- The full range input of a12-bit, successive-approximation type ADC is 1 volt. Determine:
a) the maximum input change required to give a one bit change in output of the ADC
The Attempt at a Solution
The ADC is 12 bit, so it will produce a reading between 000000000000 (12 zeros) to 111111111111 (12 ones)
output 000000000000 being 0 in decimal, 0V input
output 111111111111 being 4095 in decimal, 1V input
So looking at the output, the maximum output change that could occur by changing 1 of the bits is 100000000000 (1 one and 11 zeros)
output 100000000000 is 2048.
So 2048 / 4095 = 0.500122
1V * 0.500122 = 0.500122V
So i initially thought that's the answer, the maximum input change to give a 1bit change in output would be 0.500122V.
However, this ADC is rounding.

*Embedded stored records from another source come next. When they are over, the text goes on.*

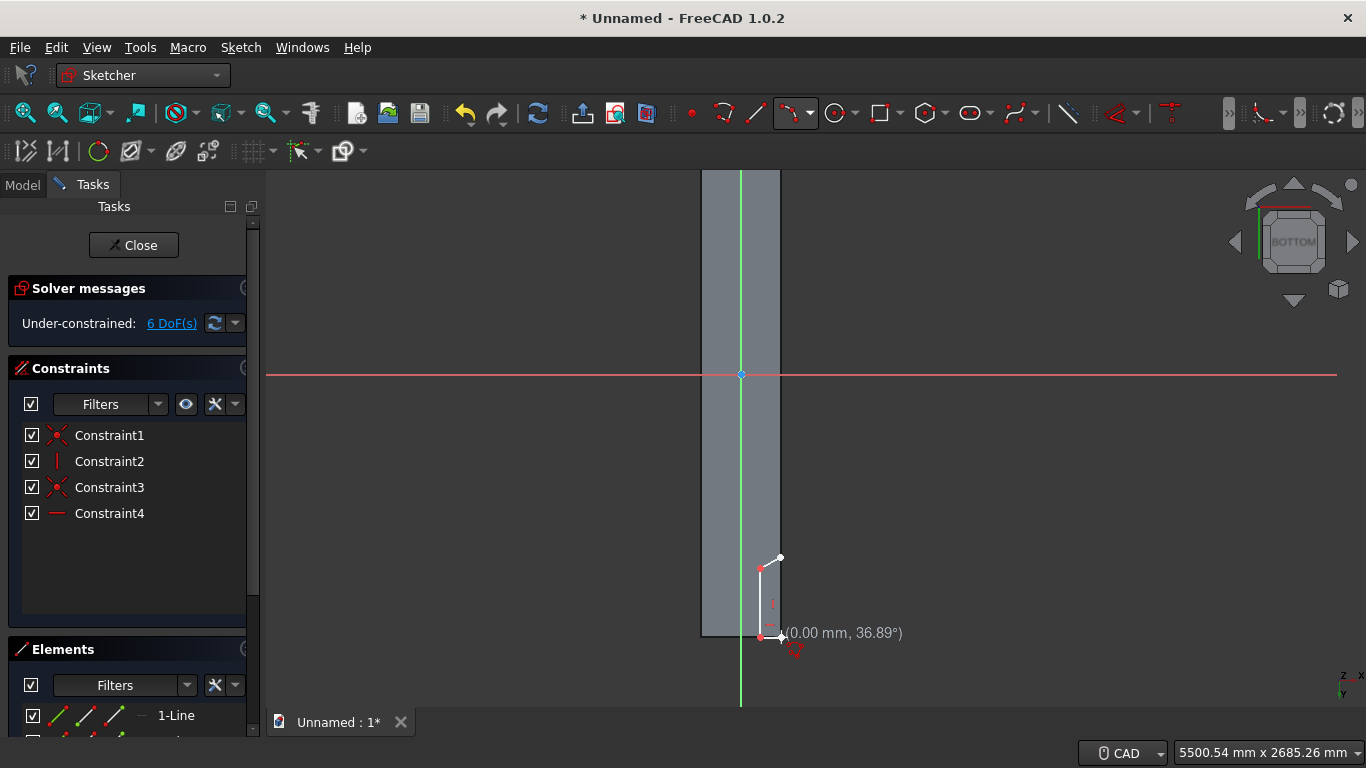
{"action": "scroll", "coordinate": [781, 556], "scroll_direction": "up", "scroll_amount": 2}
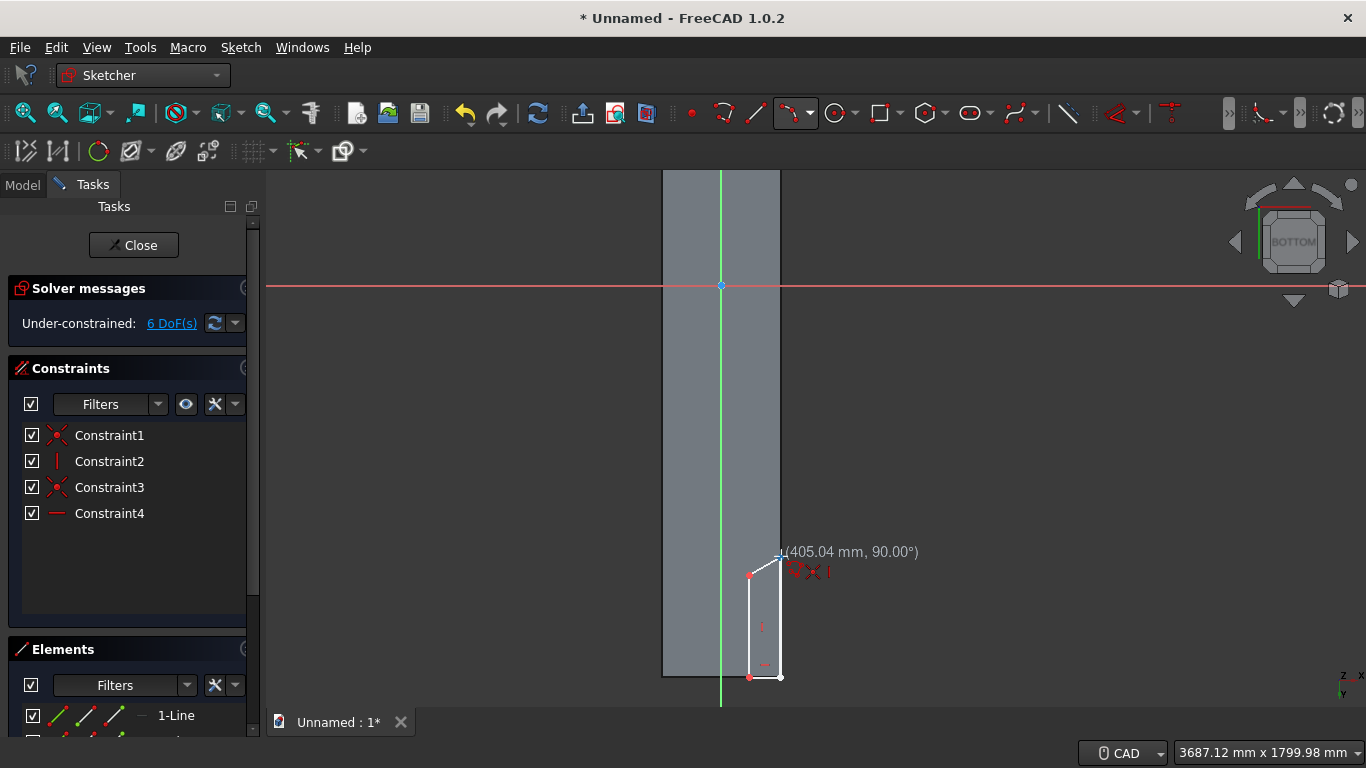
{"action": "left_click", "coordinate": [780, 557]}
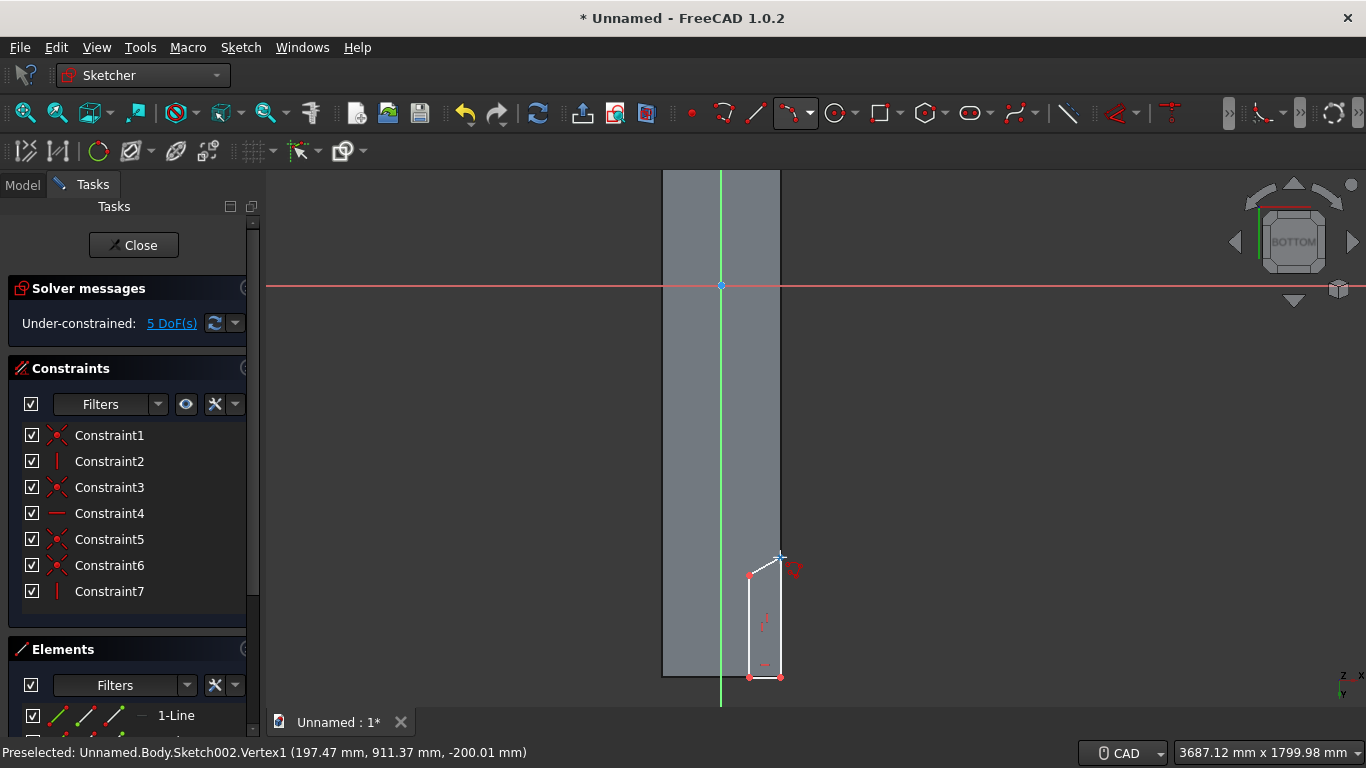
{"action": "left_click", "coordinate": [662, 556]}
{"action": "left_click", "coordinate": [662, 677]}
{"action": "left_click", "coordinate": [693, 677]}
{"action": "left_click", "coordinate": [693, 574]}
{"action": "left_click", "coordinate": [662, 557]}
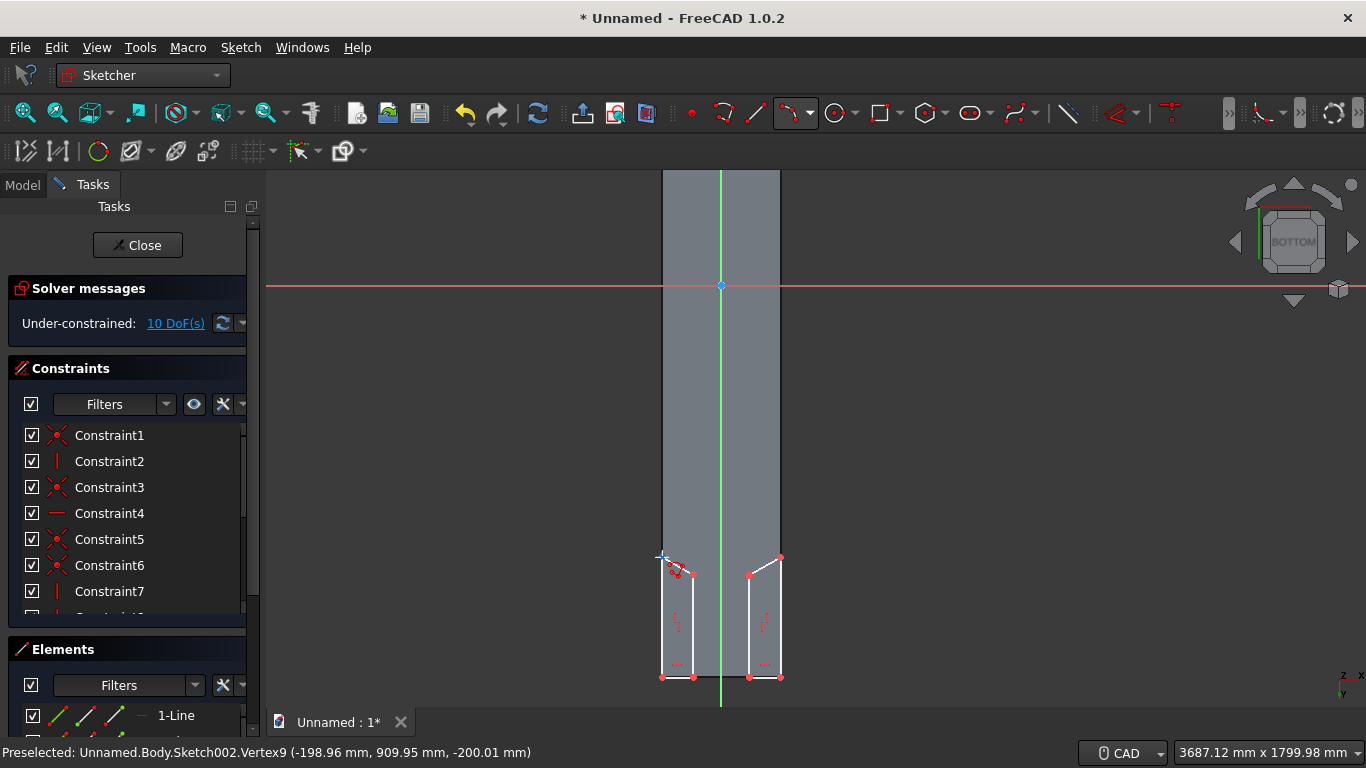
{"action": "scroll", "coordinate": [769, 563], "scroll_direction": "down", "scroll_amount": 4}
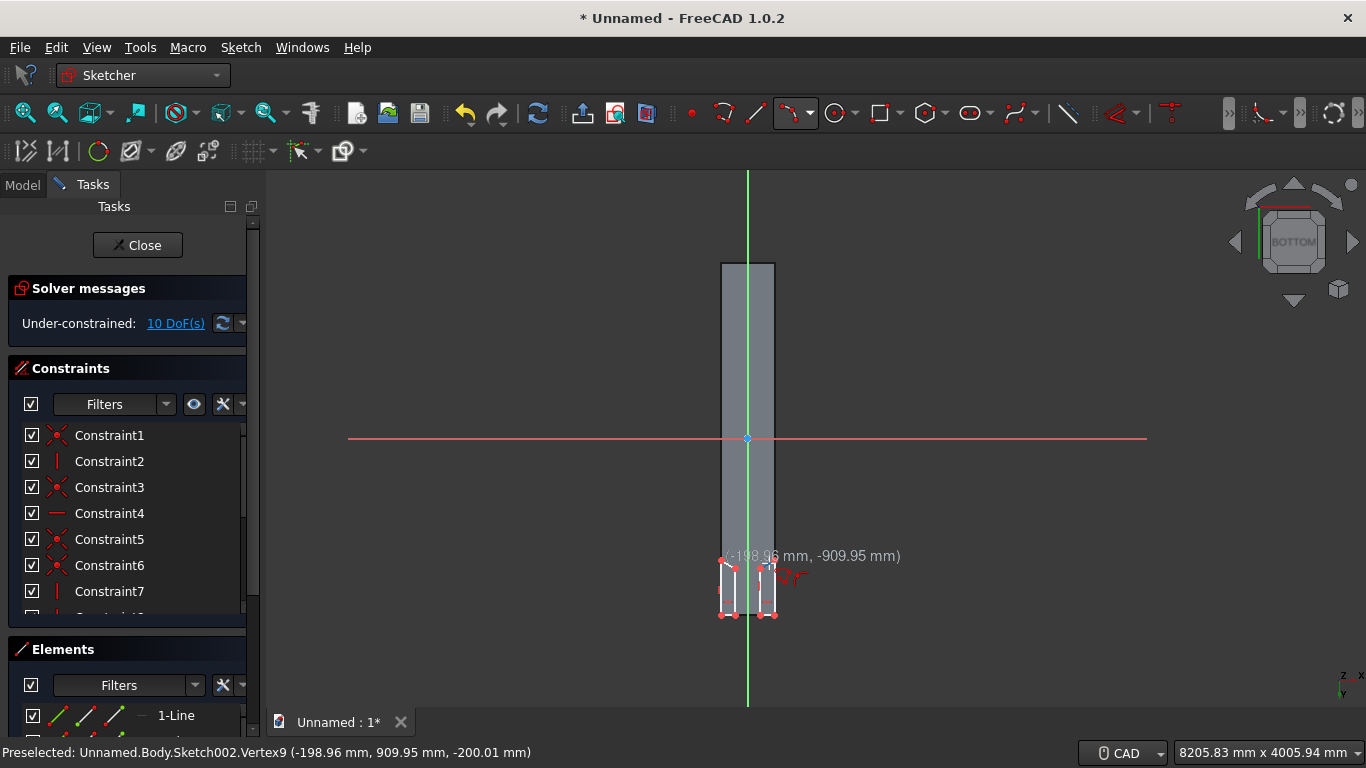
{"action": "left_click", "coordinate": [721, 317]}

So i understand that the DAC in the ADC produces a binary number. This is then converted back do an analogue value and checked against the measured value. if this estimated value is equal to or less than the measured input, then the comparator would output a 1, if its more then it will output a 0.
so, i think now we are concerned with the last bit in the chain. being 2^0. So, if the measured input is 0.99 or less, then ADC will output a zero for the last bit. So we need to convert this 0.99 into our 1V scale.
so 0.99/4095 = 0.000248.
1V * 0.000248 = 0.000248V
So 0.500122 + 0.000248 = 0.50037V.
So my answer now is 0.50037V, meaning the max the input can change to give a 1bit change in output is 0.50037V.
Is this in the ball park, or am i way off on a tangent.